The kitchen was fairly straightforward. I had the cabinet doors removed and the shelves and cabinets painted black. I had a black double sink installed as well as a dark granite counter top along with a complementing backsplash.
Between the kitchen, three exterior glass doors, a redo of the laundry room, a new electrical service panel, two window replacements, and $2,500 worth of sharp looking and highly effective celling fans from Manteca Lighting I had spent two thirds of my $30,000 budget.
The bathroom would take the rest.
My one and only bathroom is 9 feet by 5 feet. There are McMansions with half bathrooms bigger than that.
It was a challenge. I knew, though, what I wanted. A larger shower space. A look that was cozy but also was expansive given the small space. And I wanted something that worked specifically for me.
The last point is important to note as more than one person who asked what I was planning to do to the bathroom after I told them they’d tell me two things: That could make it hard to sell the house and it wouldn’t work for them.
First I planned to live in a house and not an investment. And I was living in the house and not them.
That said I came up with expensive ideas which include the vanity. I could have what I wanted — similar to what I had seen in Suzanne Candini’s home that was used exclusively by her husband — if I paid $2,000 plus. I solved that problem by sketching out what I wanted and having John Perez & Sons Cabinets create a much better custom version and do so for $500.

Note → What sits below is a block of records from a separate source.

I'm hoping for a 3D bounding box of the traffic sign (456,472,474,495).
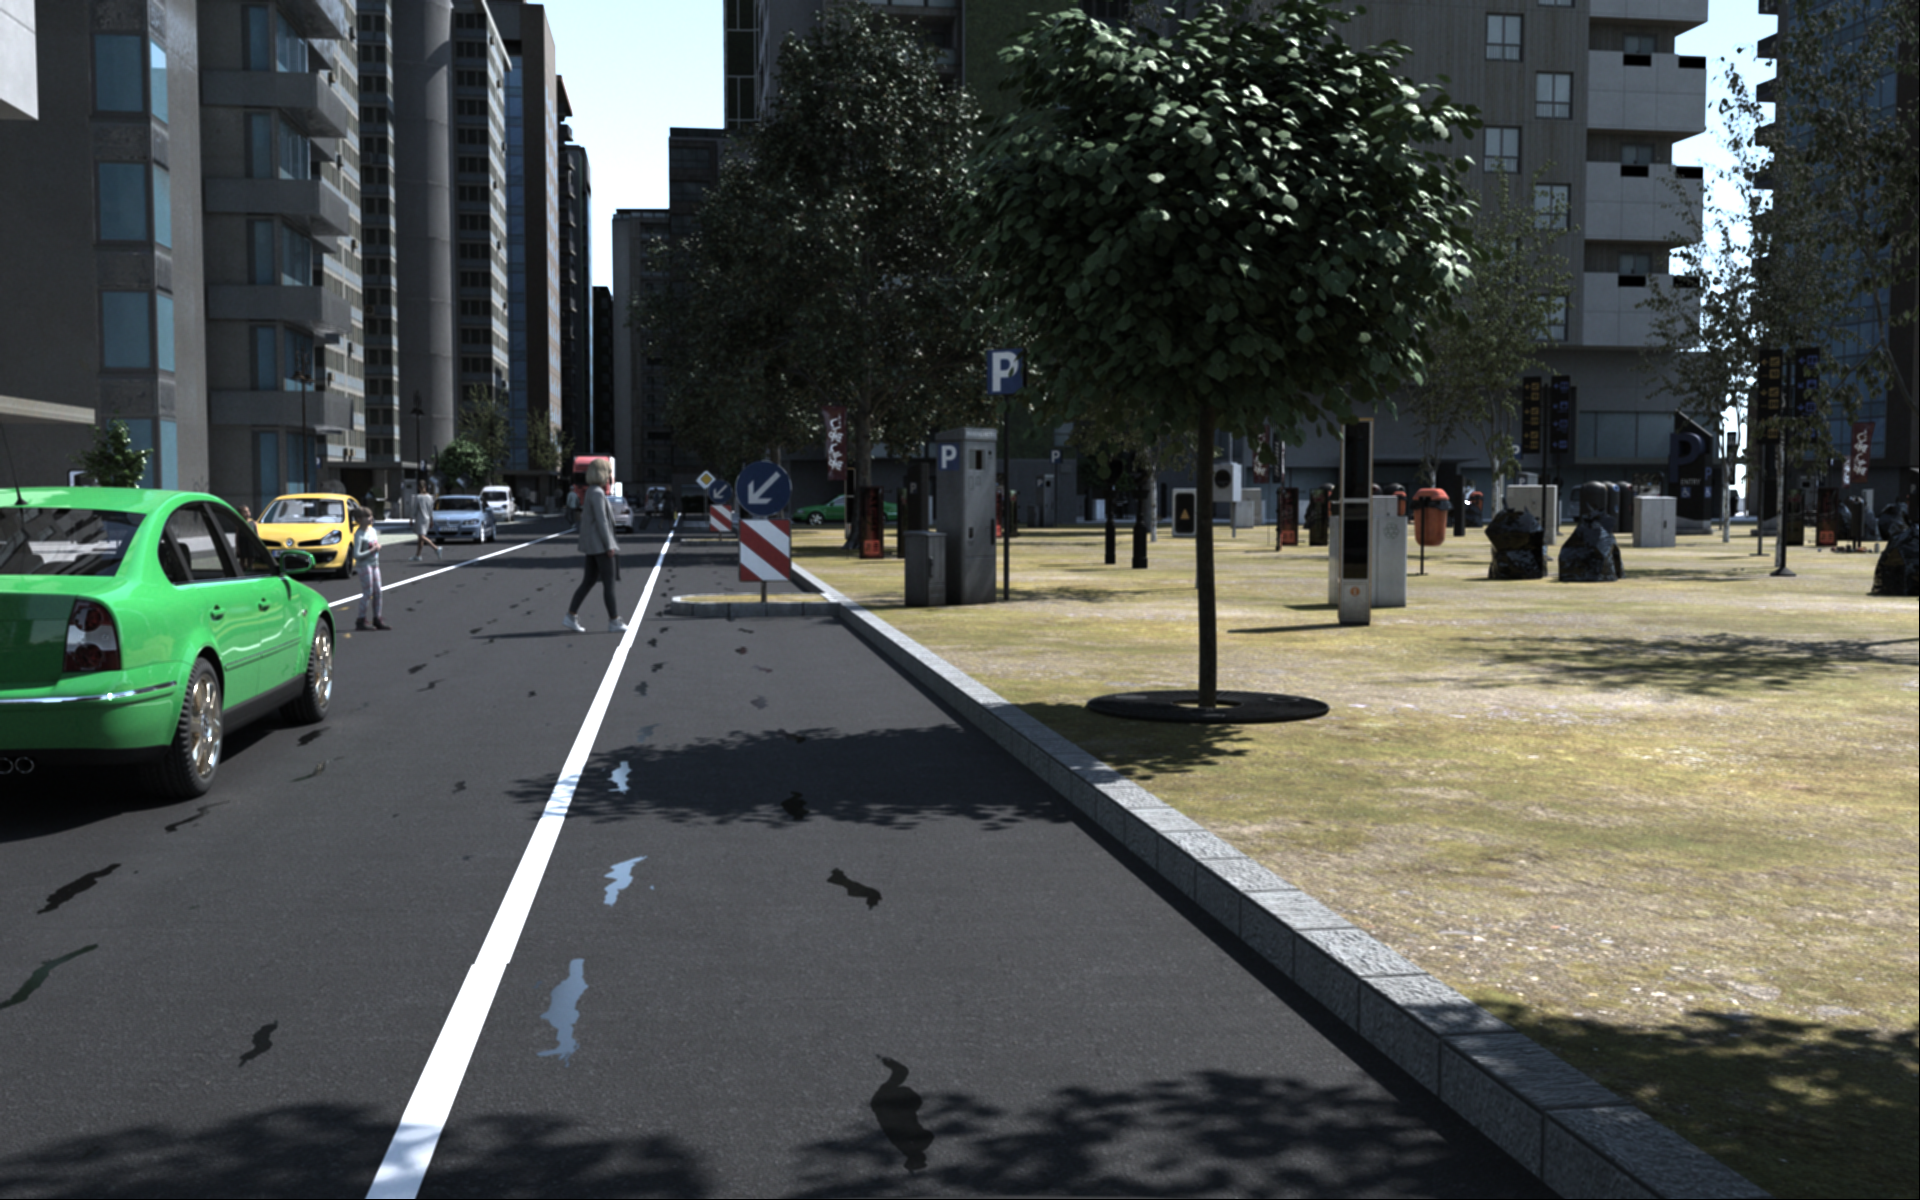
[{"bbox_3d":[-21.917,-4.470,76.723,0.795,2.450,0.064,-1,4,-9],"label":"traffic sign"}]

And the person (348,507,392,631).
[{"bbox_3d":[-6.197,-0.333,18.216,0.394,1.301,0.425,0,4,-3],"label":"person"}]

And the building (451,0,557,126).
[{"bbox_3d":[-43.673,-30.938,155.949,14.600,45.320,14.200,-1,4,-9],"label":"building"}]

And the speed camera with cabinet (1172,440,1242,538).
[{"bbox_3d":[7.295,-3.482,51.272,2.038,3.252,0.660,3,4,37],"label":"speed camera with cabinet"}]

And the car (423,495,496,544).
[{"bbox_3d":[-14.724,-2.379,50.903,2.014,1.417,4.499,0,4,-8],"label":"car"}]

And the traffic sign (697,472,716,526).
[{"bbox_3d":[-10.307,-4.085,70.436,0.795,2.450,0.064,-1,4,-9],"label":"traffic sign"}]

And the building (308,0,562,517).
[{"bbox_3d":[-46.294,-26.563,126.190,32.217,40.220,23.993,-1,4,-9],"label":"building"}]

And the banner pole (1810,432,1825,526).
[{"bbox_3d":[34.409,-4.853,69.363,0.401,3.779,0.863,0,4,-3],"label":"banner pole"}]

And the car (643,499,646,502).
[{"bbox_3d":[-29.644,-9.482,167.615,1.945,1.354,3.894,-1,4,-11],"label":"car"}]

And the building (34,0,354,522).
[{"bbox_3d":[-36.287,-26.596,54.451,30.456,49.044,23.786,-1,4,-9],"label":"building"}]

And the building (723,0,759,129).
[{"bbox_3d":[-21.376,-47.699,218.133,20.563,71.187,20.611,-1,4,-9],"label":"building"}]

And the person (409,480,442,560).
[{"bbox_3d":[-11.530,-1.717,37.325,0.760,1.731,0.466,0,4,1],"label":"person"}]

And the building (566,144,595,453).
[{"bbox_3d":[-53.606,-34.686,217.225,14.200,45.320,14.600,-1,4,-9],"label":"building"}]

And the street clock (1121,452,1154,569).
[{"bbox_3d":[3.102,-1.545,29.835,0.358,2.002,0.471,-2,4,-33],"label":"street clock"}]

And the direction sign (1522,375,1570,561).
[{"bbox_3d":[11.259,-2.529,33.346,0.876,3.537,0.379,2,4,31],"label":"direction sign"}]

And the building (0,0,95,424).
[{"bbox_3d":[-29.754,-26.373,20.435,28.713,52.752,27.495,-1,4,-9],"label":"building"}]

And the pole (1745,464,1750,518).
[{"bbox_3d":[42.830,-6.134,94.142,0.158,3.312,0.155,0,3,0],"label":"pole"}]

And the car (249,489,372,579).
[{"bbox_3d":[-11.341,-1.227,30.286,2.015,1.641,3.980,-1,4,-10],"label":"car"}]

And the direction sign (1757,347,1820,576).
[{"bbox_3d":[12.913,-2.145,27.068,0.876,3.537,0.379,3,4,38],"label":"direction sign"}]

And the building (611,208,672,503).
[{"bbox_3d":[-41.100,-34.094,241.033,14.086,41.232,14.154,-1,4,-9],"label":"building"}]

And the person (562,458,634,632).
[{"bbox_3d":[-3.791,-0.572,18.036,0.728,1.800,0.709,-1,4,-20],"label":"person"}]

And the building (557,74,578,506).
[{"bbox_3d":[-50.901,-31.925,176.591,22.147,44.769,28.867,-1,4,-9],"label":"building"}]

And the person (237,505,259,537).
[{"bbox_3d":[-11.158,-0.854,27.130,0.362,1.253,0.373,-2,4,-31],"label":"person"}]

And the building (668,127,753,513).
[{"bbox_3d":[-16.327,-22.551,140.407,14.160,30.474,14.107,-1,4,-9],"label":"building"}]

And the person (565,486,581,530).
[{"bbox_3d":[-15.626,-3.739,70.116,0.515,1.767,0.782,2,4,27],"label":"person"}]

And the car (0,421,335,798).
[{"bbox_3d":[-4.656,-0.037,9.396,1.959,1.807,4.718,-1,4,-9],"label":"car"}]

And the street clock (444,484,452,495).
[{"bbox_3d":[-31.044,-6.149,105.108,0.471,2.002,0.358,2,4,33],"label":"street clock"}]

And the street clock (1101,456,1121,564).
[{"bbox_3d":[2.762,-1.665,31.789,0.471,2.002,0.358,0,4,6],"label":"street clock"}]

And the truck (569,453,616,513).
[{"bbox_3d":[-25.547,-8.081,121.037,2.839,4.237,11.283,-1,4,-9],"label":"truck"}]

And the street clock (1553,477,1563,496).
[{"bbox_3d":[25.765,-4.288,74.674,0.358,2.002,0.471,-1,4,-13],"label":"street clock"}]

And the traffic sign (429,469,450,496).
[{"bbox_3d":[-20.678,-3.987,68.834,0.795,2.450,0.064,-1,4,-9],"label":"traffic sign"}]

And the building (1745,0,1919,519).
[{"bbox_3d":[54.119,-27.182,94.533,14.200,45.320,14.600,-1,4,-9],"label":"building"}]

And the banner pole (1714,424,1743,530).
[{"bbox_3d":[27.043,-4.345,61.065,0.401,3.779,0.863,-1,4,-21],"label":"banner pole"}]

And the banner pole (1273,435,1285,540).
[{"bbox_3d":[9.029,-3.602,48.912,0.401,3.779,0.863,-1,4,-19],"label":"banner pole"}]

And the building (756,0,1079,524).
[{"bbox_3d":[-2.526,-24.481,83.855,14.086,41.232,14.154,-1,4,-9],"label":"building"}]

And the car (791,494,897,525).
[{"bbox_3d":[-4.972,-4.075,75.417,4.718,1.807,1.959,-1,4,-10],"label":"car"}]

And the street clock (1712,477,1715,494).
[{"bbox_3d":[31.011,-4.109,71.753,0.471,2.002,0.358,2,4,25],"label":"street clock"}]

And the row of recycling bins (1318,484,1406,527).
[{"bbox_3d":[15.789,-3.742,68.286,3.534,1.692,1.069,0,4,-5],"label":"row of recycling bins"}]

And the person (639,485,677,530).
[{"bbox_3d":[-12.096,-3.725,69.622,1.509,1.804,0.699,1,4,12],"label":"person"}]

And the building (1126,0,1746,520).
[{"bbox_3d":[24.443,-31.077,97.340,27.495,52.752,28.713,-1,4,-9],"label":"building"}]

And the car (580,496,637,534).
[{"bbox_3d":[-13.035,-3.166,64.131,2.083,1.381,4.827,-1,4,-10],"label":"car"}]

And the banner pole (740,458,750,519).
[{"bbox_3d":[-10.188,-5.651,82.403,0.863,3.779,0.401,3,5,44],"label":"banner pole"}]

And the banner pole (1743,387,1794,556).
[{"bbox_3d":[16.812,-2.801,35.816,0.401,3.779,0.863,-2,4,-35],"label":"banner pole"}]

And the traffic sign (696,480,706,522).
[{"bbox_3d":[-11.546,-4.568,78.325,0.795,2.450,0.064,-1,4,-9],"label":"traffic sign"}]

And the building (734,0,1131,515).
[{"bbox_3d":[1.221,-25.902,115.381,32.217,40.220,23.993,-1,4,-9],"label":"building"}]

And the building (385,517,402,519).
[{"bbox_3d":[-46.401,-24.585,93.851,32.217,40.220,23.993,-1,4,-9],"label":"building"}]

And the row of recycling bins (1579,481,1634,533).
[{"bbox_3d":[21.533,-3.053,57.032,3.534,1.692,1.069,-3,5,-39],"label":"row of recycling bins"}]

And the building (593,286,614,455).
[{"bbox_3d":[-55.031,-28.594,239.211,14.107,30.474,14.160,-1,4,-9],"label":"building"}]

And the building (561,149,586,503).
[{"bbox_3d":[-50.815,-31.545,199.361,14.154,41.232,14.086,-1,4,-9],"label":"building"}]

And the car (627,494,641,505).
[{"bbox_3d":[-42.534,-13.051,225.384,2.014,1.417,4.499,0,4,-7],"label":"car"}]
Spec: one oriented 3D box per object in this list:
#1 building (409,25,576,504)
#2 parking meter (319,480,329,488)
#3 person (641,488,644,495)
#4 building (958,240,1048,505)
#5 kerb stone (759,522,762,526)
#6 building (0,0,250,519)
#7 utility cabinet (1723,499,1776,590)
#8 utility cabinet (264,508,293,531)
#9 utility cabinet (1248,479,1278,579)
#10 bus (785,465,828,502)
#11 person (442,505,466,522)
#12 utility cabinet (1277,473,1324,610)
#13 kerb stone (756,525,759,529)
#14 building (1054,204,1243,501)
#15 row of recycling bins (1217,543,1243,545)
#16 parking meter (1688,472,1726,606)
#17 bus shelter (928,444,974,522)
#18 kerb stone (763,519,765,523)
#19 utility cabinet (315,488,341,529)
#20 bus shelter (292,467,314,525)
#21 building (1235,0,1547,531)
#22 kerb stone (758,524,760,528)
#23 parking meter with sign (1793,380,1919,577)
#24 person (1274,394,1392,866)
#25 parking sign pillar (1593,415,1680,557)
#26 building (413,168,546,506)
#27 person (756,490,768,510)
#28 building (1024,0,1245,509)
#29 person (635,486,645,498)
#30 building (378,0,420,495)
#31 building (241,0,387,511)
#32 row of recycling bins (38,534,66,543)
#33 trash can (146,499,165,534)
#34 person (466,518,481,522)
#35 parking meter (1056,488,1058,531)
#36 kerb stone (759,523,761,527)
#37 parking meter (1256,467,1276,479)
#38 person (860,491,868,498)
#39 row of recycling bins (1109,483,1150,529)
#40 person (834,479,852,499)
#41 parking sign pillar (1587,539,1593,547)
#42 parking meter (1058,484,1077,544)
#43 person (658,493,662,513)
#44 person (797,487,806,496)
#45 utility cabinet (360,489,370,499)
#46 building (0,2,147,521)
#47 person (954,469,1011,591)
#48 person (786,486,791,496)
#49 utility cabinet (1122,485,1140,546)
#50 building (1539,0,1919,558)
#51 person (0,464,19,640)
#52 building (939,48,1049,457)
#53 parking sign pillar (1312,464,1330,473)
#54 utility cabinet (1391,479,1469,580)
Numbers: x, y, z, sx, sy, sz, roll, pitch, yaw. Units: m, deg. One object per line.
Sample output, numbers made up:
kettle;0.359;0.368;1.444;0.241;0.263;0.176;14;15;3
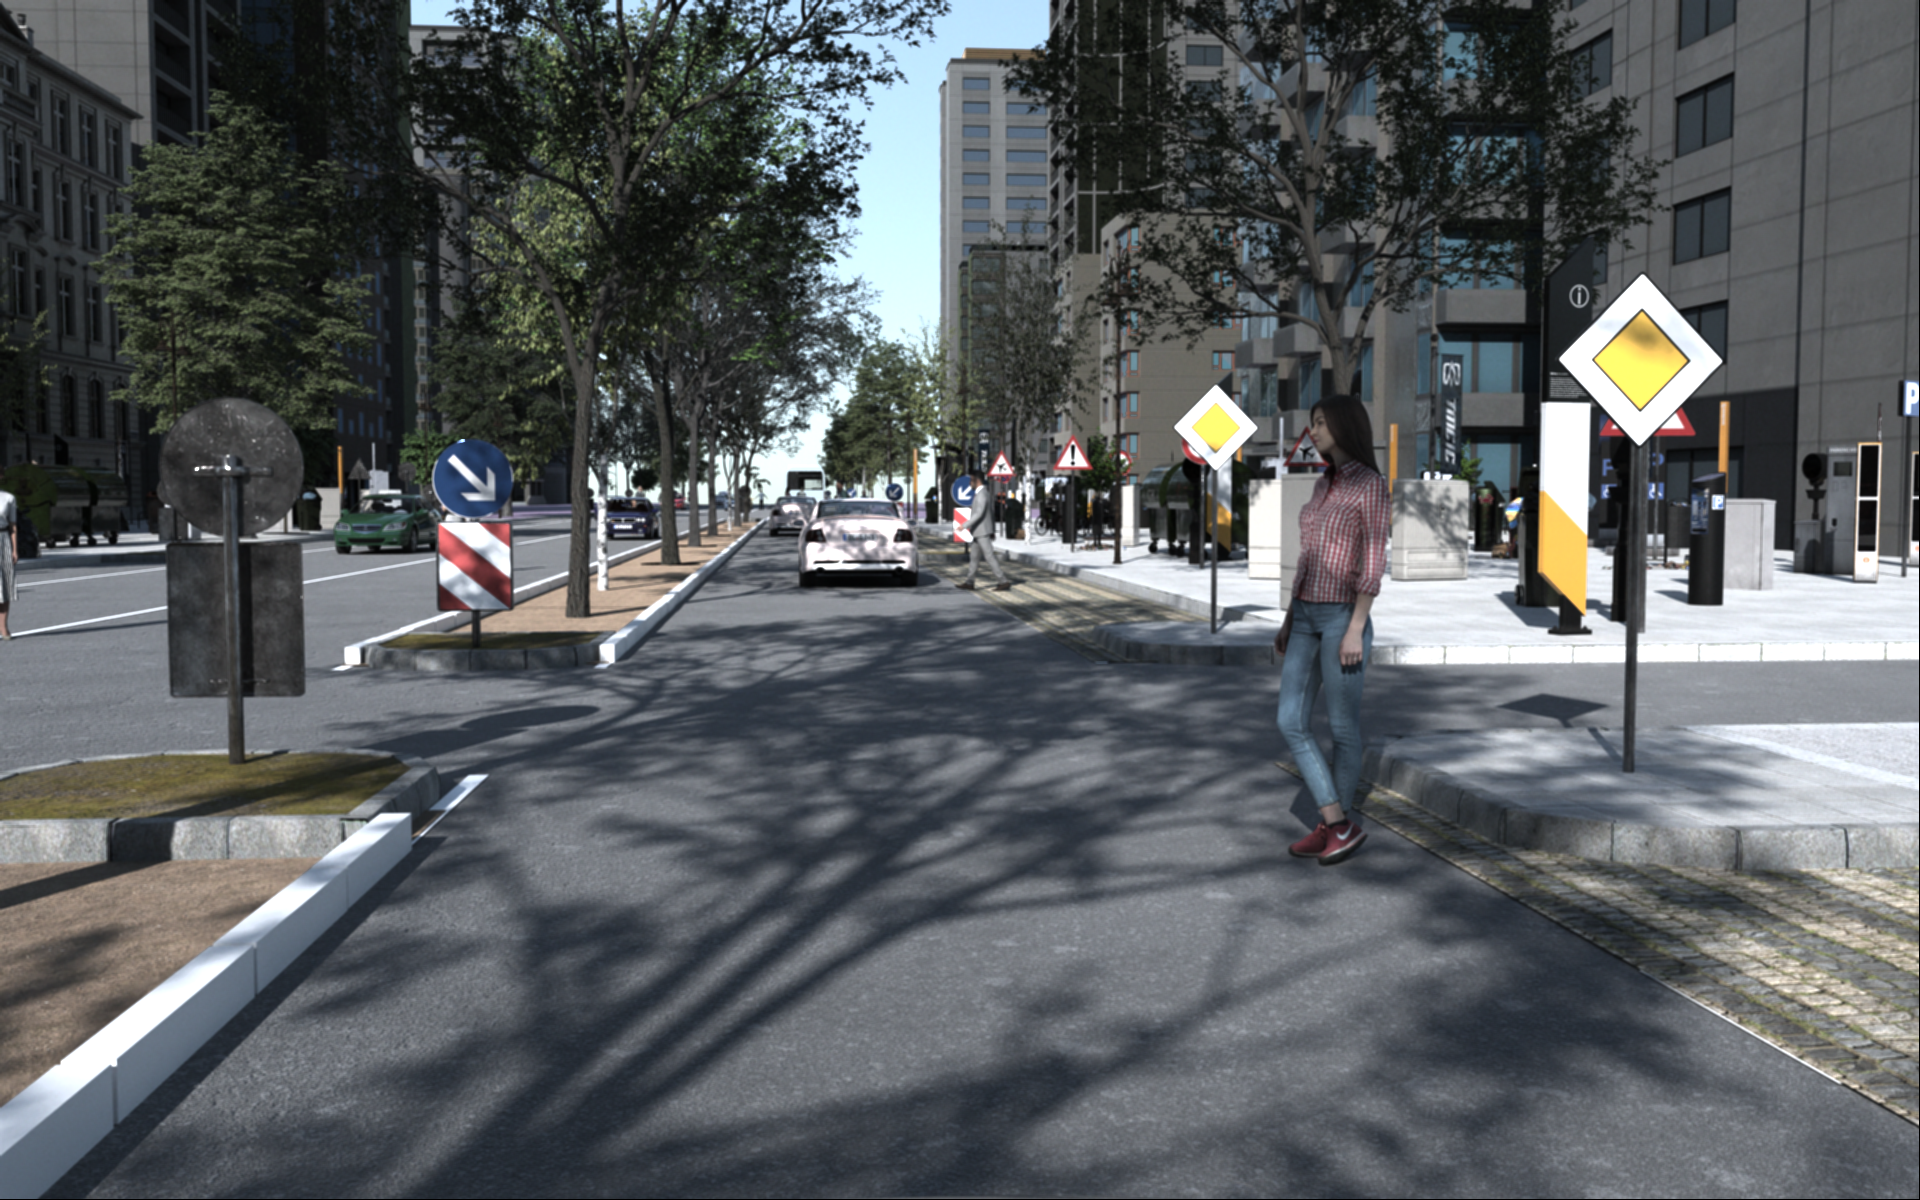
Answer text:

So what’s so unusual about my bathroom? That vanity — stained black, of course — has a black glass vessel sink shaped like a bowl. The entire thing is designed so I can stand to shave and brush my teeth without bending down. Few if any home bathrooms have vanities designed for men to use comfortably.
The toilet is black. That may not have been a wise choice because of the hard water in Powers Tract plus dust but I’d do it again.
The shower/tub was ripped out and I had a pony wall installed with built in shelves for shower items on one side and toilet paper on the other put in place with glass going halfway up to the open beam ceiling. I had the shower walls up to 7-foot and well as part of the rest of the bathroom walls plus the pony wall and shower floor covered with a pattern of small deep multiple grey tiles featuring a blended design. I splurged on the floor and went with stone. There wasn’t much floor left to cover after the shower but still the cost was an eye popper.
I then got a frosted glass door. The bathroom door is the only interior door in my home.
I also added small touches that reflect my lifestyle including three “towel hooks” placed at shoulder  level so I can let my daily exercise clothes dry that will sometimes include rain jackets
Then I capped it off by having the rest of the walls and ceiling painted a dark grey.
More often than not I have people who see it — including some of the original doubters — tell me they like the look and will then asked who came up with the idea and final design.
Which brings me to the point I want to make. I spent six to eight months debating what I wanted to do and the colors I wanted to employ. It drove a few of the people around me nuts.
A bathroom remodel isn’t cheap. I had no desire to do it again. And since I bought the house to live in and not so I could maximize the easy of selling when that day comes I made the bathroom design work for me and not for some cookie-cutter future buyer.
Besides, if I was driven by resale potential I wouldn’t have bought a two bedroom, one bathroom, 980-square-foot home in the first place.